As for breaking through the border, if I hadn't taken particular note. In general, we believed that they (Russian troops) would not enter Shestovytsia, because not only I, but also the people in the village with whom I spoke, thought they should do nothing here, but it turned out, on the contrary, that they came here. Here.

 ― From the 24th to the 28th, what did you do?

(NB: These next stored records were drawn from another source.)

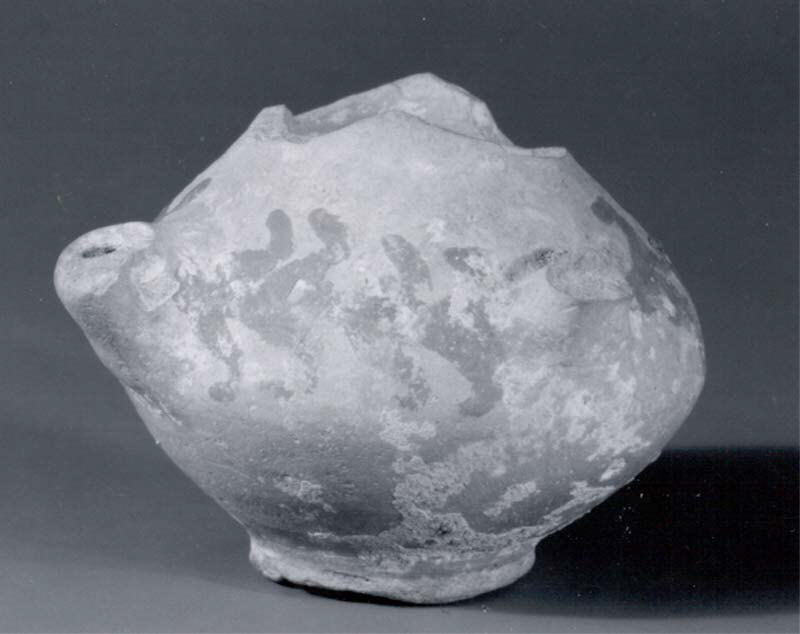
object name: vessel
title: Spouted vessel
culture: parthian
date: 1-100
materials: ceramic
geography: iran

― And as usual, there is always work in the village On the 28th Nina called, she says, "Come, take us away". I went, took everyone's wife, son Oleksiy, wife of the eldest son Iryna and granddaughter Zhenya, brought everyone to the village and we began to wait for what would happen next.

 ― How did you know that the Russians entered the village?

―A tank appeared on the horizon.  They were the first to enter from the side of Mykhailo-Kotsyubynskyi airport and drove down our street to the center of the village.  They immediately moved to other streets.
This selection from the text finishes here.